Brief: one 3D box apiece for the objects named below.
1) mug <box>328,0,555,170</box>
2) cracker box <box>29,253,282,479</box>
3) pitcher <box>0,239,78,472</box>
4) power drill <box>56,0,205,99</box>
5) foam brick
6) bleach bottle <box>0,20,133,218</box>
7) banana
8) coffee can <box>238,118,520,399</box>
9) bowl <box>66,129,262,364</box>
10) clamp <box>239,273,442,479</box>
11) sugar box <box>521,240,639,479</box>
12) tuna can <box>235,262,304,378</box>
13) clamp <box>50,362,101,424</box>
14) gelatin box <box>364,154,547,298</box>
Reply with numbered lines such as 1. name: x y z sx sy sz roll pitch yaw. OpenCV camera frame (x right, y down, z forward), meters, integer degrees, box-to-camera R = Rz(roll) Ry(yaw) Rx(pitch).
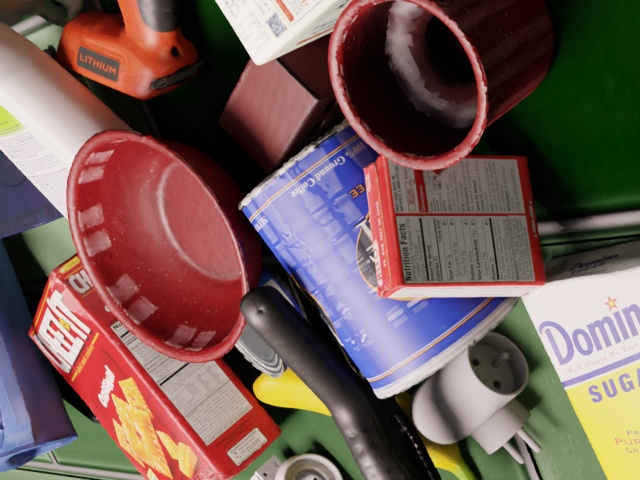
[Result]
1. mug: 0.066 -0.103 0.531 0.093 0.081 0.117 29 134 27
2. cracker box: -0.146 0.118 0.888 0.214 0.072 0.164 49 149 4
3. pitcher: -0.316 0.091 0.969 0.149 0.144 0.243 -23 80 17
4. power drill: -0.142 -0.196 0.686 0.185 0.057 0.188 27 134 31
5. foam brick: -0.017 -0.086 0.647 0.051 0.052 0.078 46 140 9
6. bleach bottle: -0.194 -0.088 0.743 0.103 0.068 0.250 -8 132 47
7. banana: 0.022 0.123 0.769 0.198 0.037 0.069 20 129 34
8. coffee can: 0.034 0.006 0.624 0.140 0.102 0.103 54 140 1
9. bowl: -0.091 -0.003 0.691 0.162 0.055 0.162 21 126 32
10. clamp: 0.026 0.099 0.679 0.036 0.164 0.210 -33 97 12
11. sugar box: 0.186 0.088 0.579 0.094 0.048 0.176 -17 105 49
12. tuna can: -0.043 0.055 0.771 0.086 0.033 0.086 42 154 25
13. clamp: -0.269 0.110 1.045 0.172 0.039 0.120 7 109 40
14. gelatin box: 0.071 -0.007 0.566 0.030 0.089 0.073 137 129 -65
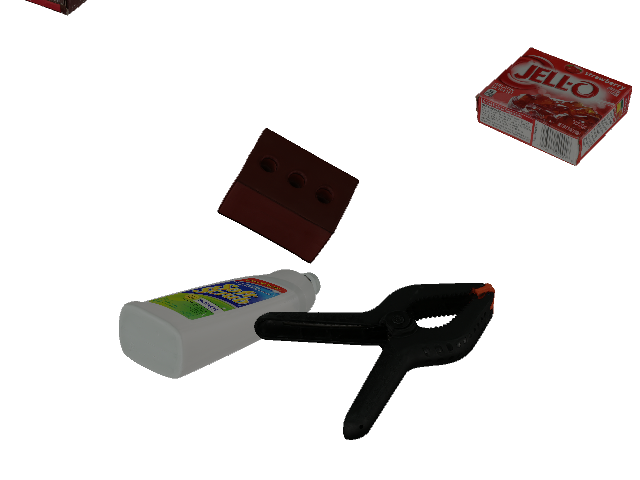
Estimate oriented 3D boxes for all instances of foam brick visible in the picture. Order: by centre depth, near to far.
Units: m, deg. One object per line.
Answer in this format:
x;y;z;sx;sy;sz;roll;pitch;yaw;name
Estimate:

* * *

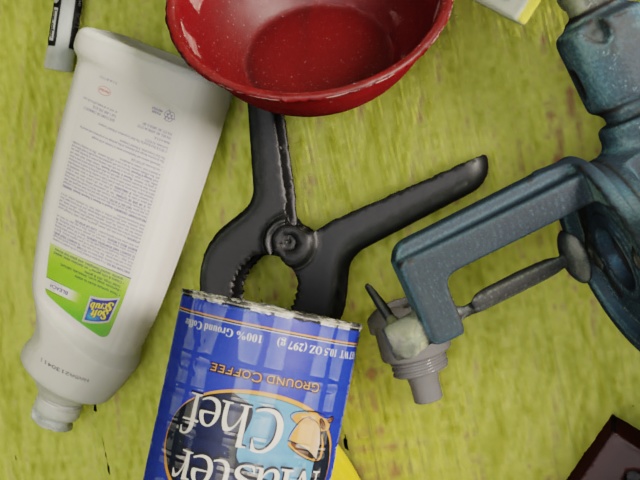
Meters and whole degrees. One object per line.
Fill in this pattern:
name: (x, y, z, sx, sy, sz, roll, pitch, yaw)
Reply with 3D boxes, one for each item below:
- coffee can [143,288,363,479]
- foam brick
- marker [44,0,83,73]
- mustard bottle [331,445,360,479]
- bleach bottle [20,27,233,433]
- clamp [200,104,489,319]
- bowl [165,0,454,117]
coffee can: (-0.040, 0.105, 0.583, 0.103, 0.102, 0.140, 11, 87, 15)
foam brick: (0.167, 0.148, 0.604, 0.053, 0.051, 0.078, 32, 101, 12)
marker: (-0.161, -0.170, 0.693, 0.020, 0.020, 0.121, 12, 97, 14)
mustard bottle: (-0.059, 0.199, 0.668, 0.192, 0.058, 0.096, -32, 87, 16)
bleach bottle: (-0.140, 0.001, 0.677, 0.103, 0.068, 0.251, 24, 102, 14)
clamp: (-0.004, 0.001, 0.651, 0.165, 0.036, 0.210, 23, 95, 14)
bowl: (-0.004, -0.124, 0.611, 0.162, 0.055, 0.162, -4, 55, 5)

* * *

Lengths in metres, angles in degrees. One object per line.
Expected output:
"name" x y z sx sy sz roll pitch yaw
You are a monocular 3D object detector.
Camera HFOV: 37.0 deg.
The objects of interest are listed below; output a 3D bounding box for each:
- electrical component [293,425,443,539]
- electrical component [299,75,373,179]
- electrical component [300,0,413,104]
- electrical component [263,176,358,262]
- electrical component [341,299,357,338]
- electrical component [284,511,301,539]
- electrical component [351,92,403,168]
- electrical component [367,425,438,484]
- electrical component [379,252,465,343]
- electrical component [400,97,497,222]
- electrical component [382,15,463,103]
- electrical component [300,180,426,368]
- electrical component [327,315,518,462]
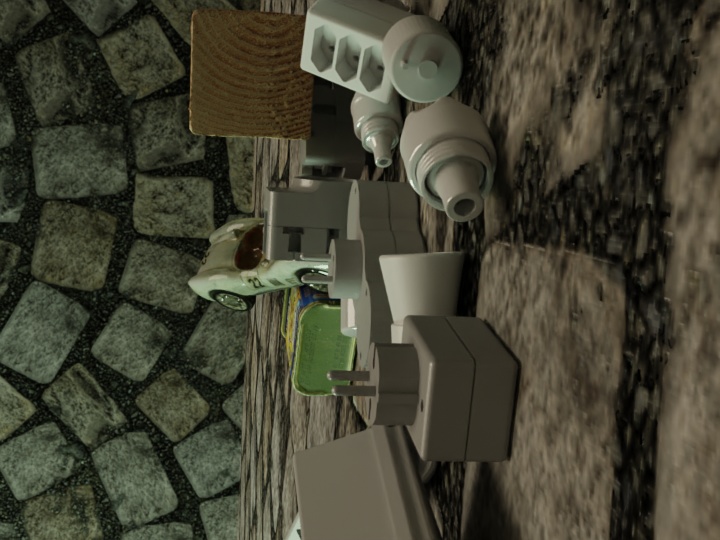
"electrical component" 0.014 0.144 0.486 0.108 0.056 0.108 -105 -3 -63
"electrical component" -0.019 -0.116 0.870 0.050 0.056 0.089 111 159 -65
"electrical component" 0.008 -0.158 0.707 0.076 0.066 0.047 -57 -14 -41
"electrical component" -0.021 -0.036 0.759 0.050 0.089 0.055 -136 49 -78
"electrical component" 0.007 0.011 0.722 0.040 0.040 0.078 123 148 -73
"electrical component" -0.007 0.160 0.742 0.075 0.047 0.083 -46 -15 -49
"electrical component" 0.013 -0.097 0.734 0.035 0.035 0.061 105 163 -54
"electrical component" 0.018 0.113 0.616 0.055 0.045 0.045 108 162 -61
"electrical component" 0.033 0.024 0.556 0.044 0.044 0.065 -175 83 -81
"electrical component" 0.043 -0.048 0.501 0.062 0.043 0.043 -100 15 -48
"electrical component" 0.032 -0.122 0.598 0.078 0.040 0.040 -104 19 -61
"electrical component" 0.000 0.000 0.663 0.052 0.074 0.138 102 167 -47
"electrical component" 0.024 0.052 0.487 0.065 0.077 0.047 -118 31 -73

* WORK REQUIRED
Would you please write out, exactly and with no other lines, the stretch of the listing above from the line containing "- marker [44,0,83,73]" through the line containing "- clamp [200,104,489,319]"?

* EXPECTED ANSWER
- marker [44,0,83,73]
- mustard bottle [331,445,360,479]
- bleach bottle [20,27,233,433]
- clamp [200,104,489,319]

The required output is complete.